MQM-P reiterates traders’ demand to let them open businesses 24/7

By Our Correspondent
May 17, 2020

Blasting the Sindh government for “doing nothing” for Karachi’s traders during the ongoing lockdown, the Muttahida Qaumi Movement-Pakistan (MQM-P) on Saturday announces its rejection of the recently signed Sindh COVID-19 Emergency Relief Ordinance 2020 and demanded of the government to allow traders to run their business 24/7 throughout the week.

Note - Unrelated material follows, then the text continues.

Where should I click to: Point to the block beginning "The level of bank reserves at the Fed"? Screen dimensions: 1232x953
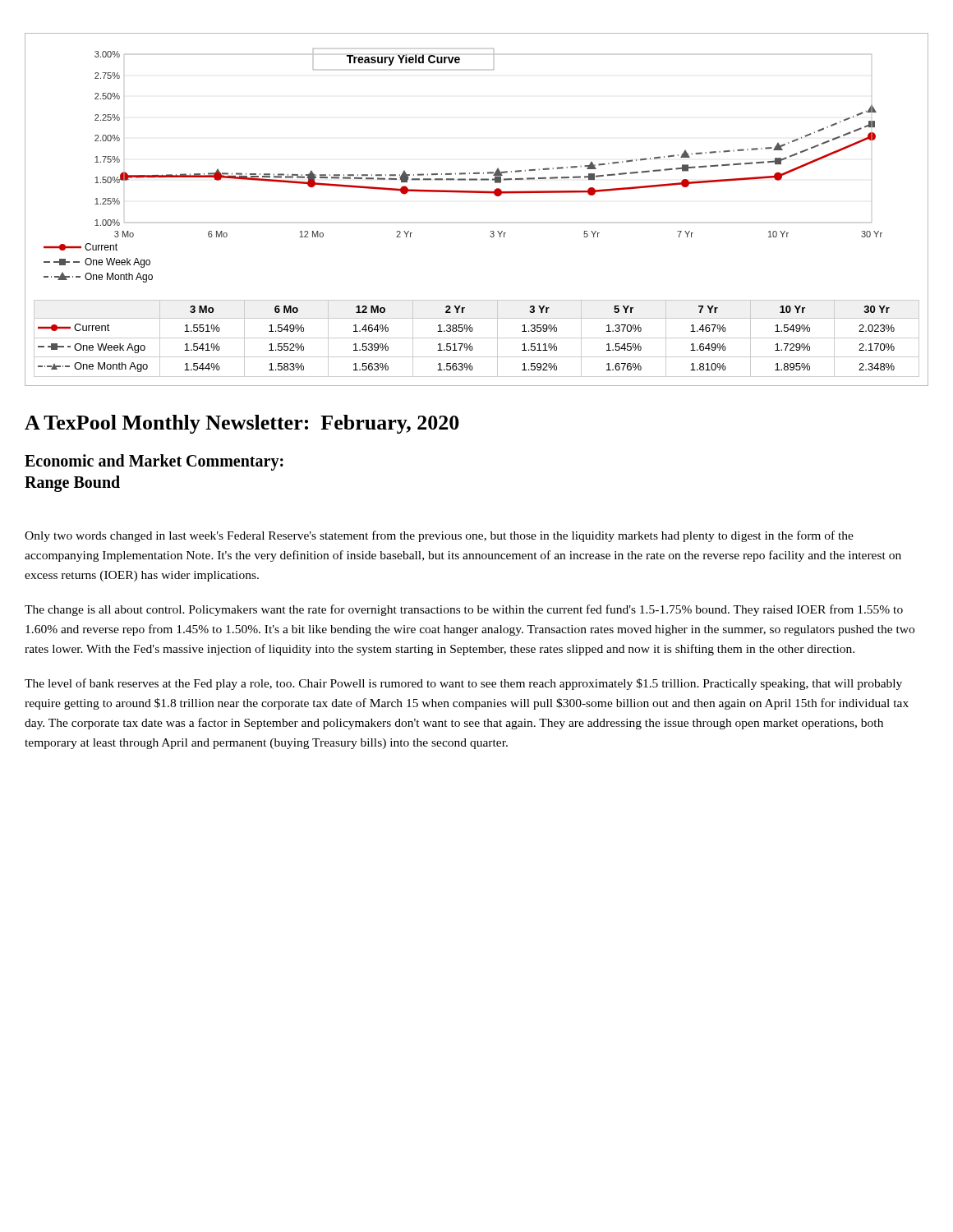[x=467, y=712]

MQM-P convener and former federal minister Khalid Maqbool Siddiqui said his party fully endorsed the demands of Karachi’s traders, and if the traders’ bodies were ready to protest, the party was ready to support them.

He was addressing a joint meeting of leaders of various trades' bodies held in a park near the MQM-P’s secretariat in Bahadurabad. He said party leaders were in contact with various traders and market associations across the city and were listening to their genuine grievances.

Karachi’s small traders were being discriminated against as only the metropolis remained under the lockdown, Siddiqui said, adding that the Pakistan Peoples Party’s "racist" provincial government would never take care of the interest of Karachi’s traders. “But the MQM-P will leave the traders’ fraternity alone in the crisis."

The MQM-P had sent its leader to meet the Sindh chief minister to discuss the traders' problems, “but we knew that it would not work", he said.

The traders of Karachi, a city that had been earning 70 per cent of the country’s revenue, had been deprived of their genuine rights, he said.

“As being a doctor and a responsible person, I know the threat of the coroanvirus spread. But the government’s ill-planned policies have been spreading it,” he added.

Karachi’s traders had paid 79 per cent sales tax while traders in Lahore had only paid five per cent, he said. “The Punjab government has allowed the transport to operate today. Could the coroanvirus not enter there?” he asked.

“Commissioners and deputy commissioners have been posted in Karachi to earn money. They consider it Dubai,” said Siddiqui.

“The people who are dealing with the city’s affairs do not belong to the city,” he remarked. He said that the Karachi mayor would decide the affairs of the city because people voted him to resolve their issues.

He said that he would ask the mayor to bring the city’s case to the notice of Prime Minister Imran Khan and engage him for the resolution of its issues.

“It was Karachi’s traders who donated the highest amount of money for establishing Shaukat Khanam Hospital and National University of Modern Languages,” he said.

Prime Minister Imran Khan should give loans to Karachi’s traders because they ran Pakistan by paying high amounts of taxes, he said.